Since March 2014, Marshall has been project director at the Good Thinking Society (GTS). His major focus has been ending the funding of homoeopathy by the National Health Service (NHS), which the GTS considers a costly waste of public money on demonstrably ineffective products; he lectured about this at QED 2015 in Manchester. In June 2015, the Daily Mirror reported that Marshall had investigated the curious case of Freeman's, a NHS-supplying pharmacy that, amongst other products, sold "homeopathic owl", apparently meant for people with sleeping problems or who "pick up the characteristics of [an owl]". Marshall commented, "Around £3–5 million is spent each year [on homeopathic products by the NHS] and it's completely worthless. People are being told that it works when there's no evidence that it does." Also in June, he and the GTS founder Simon Singh called on all remaining homoeopathy-funding CCGs in the UK to follow the example of Liverpool to reconsider their funding policies.

In May 2014, Marshall accused writers at The Daily Telegraph and the Daily Mail of "poor journalism" for uncritically picking up press releases from the British Chiropractic Association and the United Chiropractic Association, based on "flimsy studies" and assertions that were "certainly not supported by any reliable evidence". Recalling the British Chiropractic Association v Singh case, he concluded, "If chiropractors want to be taken seriously, perhaps they should focus on improving the regulation of their industry and conducting rigorous research rather than relying on PR stunts to drum up business."

In May 2015, GTS obtained video footage from the Spirit of Health Congress where, according to Marshall, claims were made about health that "appeared illegal and could cause serious harm": "The dangerous misinformation at the Spirit of Health event is shocking, particularly with regard to serious conditions such as cancer."

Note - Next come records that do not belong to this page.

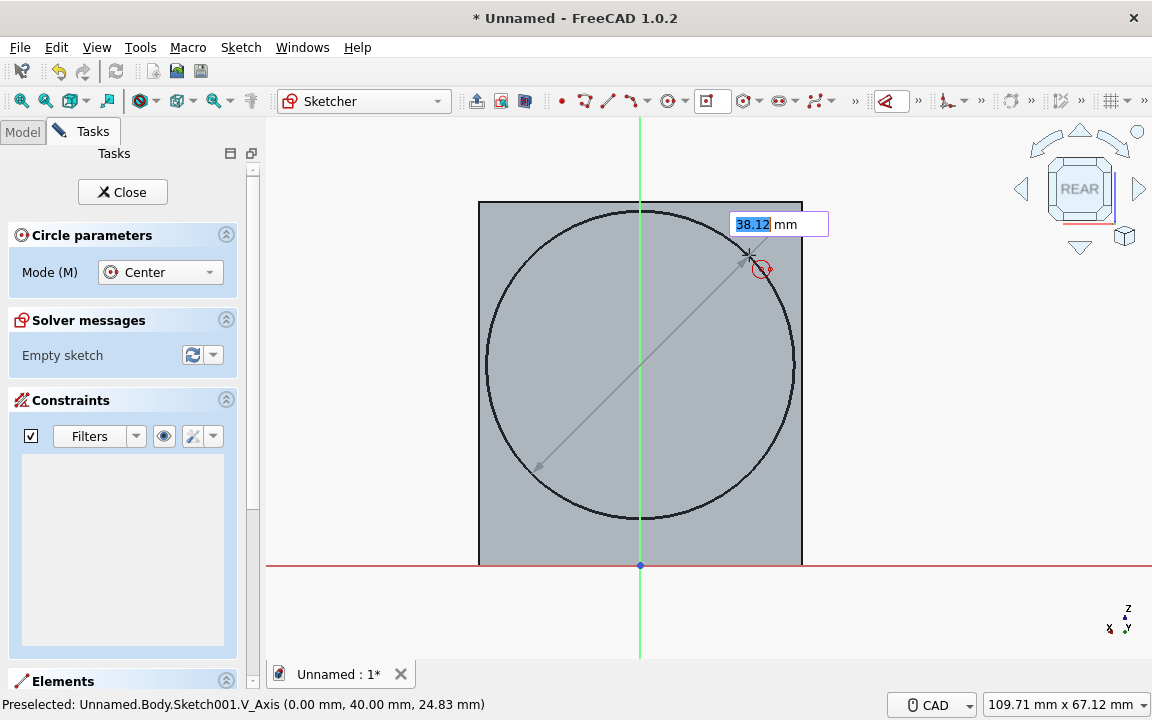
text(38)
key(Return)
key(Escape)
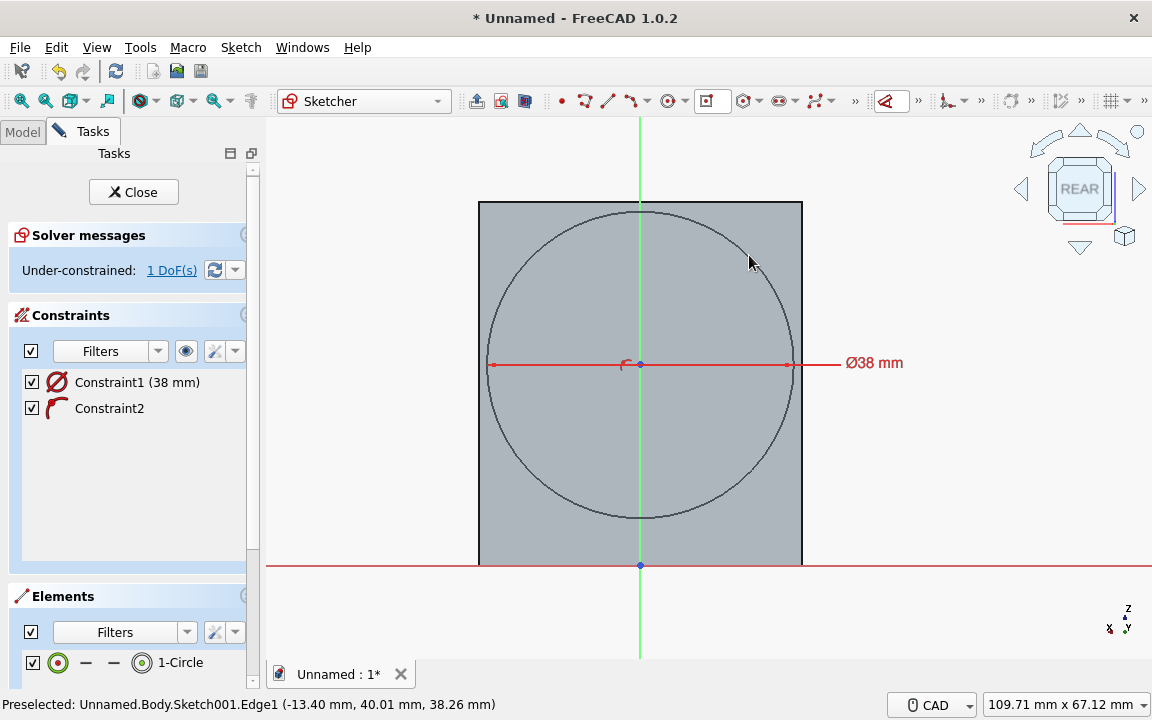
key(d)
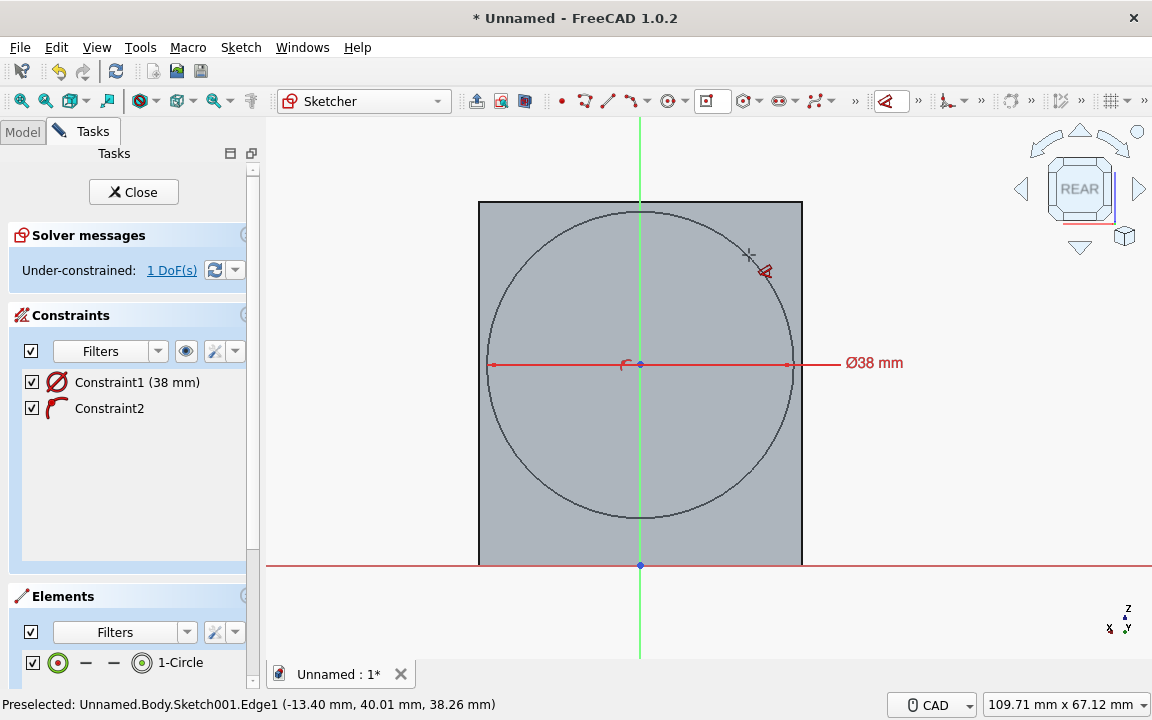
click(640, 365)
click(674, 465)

In September 2015, Marshall showed how the American televangelist, self-proclaimed prophet and faith healer Peter Popoff – previously exposed by James Randi– was trying to persuade people to send him money on promises of "fabulous extreme fortune" and "miracles". Moreover, at a London gathering, GTS filmed how Popoff supposedly "healed" a woman "who said her body was wracked with pain", but who Marshall and his colleague believed could have been planted in the audience as part of Popoff's team: they saw she was handing out pens and a questionnaire at the start of the event, and quietly left the room soon after the alleged miracle.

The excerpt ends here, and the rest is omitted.